Namun, pada 4 Juli 2017, Pemdes Tegaldowo mengajukan surat ke SIG, mengklaim jalan di dalam IUP dan menuntut kompensasi sebesar Rp1,5 miliar per tahun.
Pada tahun 2020, sempat ada kesepakatan tertulis, di mana Pemdes Tegaldowo mendukung pengajuan hak atas tanah jalan oleh SIG.
Namun, pada Mei 2024, muncul sertifikat hak pakai jalan sebagai aset desa, diikuti dengan surat dari Pemdes Tegaldowo kepada Pj Gubernur Jawa Tengah untuk mengeluarkan jalan tersebut dari IUP.
SIG mengajukan keberatan kepada BPN, namun ditolak.

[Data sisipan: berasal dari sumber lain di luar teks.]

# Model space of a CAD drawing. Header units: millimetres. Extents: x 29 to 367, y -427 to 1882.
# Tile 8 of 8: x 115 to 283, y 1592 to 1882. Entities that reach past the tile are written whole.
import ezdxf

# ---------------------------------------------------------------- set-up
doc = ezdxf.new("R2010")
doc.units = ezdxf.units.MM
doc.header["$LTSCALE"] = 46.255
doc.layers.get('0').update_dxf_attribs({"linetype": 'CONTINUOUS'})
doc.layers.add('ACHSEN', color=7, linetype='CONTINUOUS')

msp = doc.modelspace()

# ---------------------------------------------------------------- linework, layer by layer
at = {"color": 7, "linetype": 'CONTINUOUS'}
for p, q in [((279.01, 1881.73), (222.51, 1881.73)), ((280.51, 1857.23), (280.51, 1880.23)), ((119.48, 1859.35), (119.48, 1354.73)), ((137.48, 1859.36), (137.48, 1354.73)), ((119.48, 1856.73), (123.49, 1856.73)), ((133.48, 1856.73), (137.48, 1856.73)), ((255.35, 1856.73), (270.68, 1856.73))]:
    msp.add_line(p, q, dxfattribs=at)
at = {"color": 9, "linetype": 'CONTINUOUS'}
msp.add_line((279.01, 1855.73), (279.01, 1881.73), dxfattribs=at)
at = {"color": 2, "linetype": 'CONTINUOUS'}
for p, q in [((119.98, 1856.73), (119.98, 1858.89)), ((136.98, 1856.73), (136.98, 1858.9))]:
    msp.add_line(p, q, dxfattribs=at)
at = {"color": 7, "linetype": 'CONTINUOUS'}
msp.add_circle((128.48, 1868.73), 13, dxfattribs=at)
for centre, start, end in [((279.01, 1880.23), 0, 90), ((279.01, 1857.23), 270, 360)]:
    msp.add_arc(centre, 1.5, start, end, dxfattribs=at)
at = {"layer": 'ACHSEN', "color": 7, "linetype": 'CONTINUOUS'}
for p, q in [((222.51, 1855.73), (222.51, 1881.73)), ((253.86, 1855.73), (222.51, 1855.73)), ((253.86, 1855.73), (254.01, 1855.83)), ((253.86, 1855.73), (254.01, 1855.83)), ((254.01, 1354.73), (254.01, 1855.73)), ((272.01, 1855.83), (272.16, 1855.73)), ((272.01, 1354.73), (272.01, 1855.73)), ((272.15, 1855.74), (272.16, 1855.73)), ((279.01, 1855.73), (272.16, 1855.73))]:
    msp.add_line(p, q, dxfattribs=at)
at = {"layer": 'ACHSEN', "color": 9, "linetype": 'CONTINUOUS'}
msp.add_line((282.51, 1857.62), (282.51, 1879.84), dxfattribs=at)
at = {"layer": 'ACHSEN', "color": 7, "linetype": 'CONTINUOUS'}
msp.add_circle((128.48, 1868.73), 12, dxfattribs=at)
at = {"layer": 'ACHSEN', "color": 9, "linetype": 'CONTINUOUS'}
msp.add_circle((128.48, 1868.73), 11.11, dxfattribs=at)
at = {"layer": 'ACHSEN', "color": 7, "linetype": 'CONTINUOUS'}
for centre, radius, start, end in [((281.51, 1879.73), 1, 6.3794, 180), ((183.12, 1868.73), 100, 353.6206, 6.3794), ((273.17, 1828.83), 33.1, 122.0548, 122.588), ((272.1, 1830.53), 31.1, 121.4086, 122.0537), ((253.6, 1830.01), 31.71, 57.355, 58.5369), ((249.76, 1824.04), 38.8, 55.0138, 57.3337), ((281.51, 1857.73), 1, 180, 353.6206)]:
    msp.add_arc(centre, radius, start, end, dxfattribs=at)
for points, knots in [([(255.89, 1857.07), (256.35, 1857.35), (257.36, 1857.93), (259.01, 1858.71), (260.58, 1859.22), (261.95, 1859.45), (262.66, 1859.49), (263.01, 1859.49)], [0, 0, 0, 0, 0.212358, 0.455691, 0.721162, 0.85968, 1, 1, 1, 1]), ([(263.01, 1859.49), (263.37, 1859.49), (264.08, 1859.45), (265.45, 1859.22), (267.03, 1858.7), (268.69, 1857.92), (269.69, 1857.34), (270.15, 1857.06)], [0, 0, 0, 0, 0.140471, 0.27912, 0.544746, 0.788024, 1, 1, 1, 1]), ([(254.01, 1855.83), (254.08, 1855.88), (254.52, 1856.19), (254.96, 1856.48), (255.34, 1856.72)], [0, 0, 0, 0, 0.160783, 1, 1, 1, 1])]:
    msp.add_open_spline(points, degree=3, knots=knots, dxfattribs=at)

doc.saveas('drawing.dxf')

Audiensi dengan berbagai pihak pun tak kunjung menemukan solusi.
Akhirnya, pada 16 Agustus 2024, SIG mengajukan gugatan kepada BPN Rembang melalui PTUN Semarang untuk mendapatkan kepastian hukum.
Di tingkat PTUN dan Pengadilan Tinggi Tata Usaha Negara, penerbitan sertifikat tersebut dikuatkan. Kini, gugatan tersebut berlanjut ke tingkat kasasi.
Dengan nasib ratusan pekerja yang menggantung dan dampak ekonomi yang semakin membesar, semua mata tertuju pada penyelesaian sengketa jalan ini.
Apakah ada harapan bagi pekerja yang dirumahkan dan kapan pabrik Semen Gresik Rembang bisa kembali beroperasi?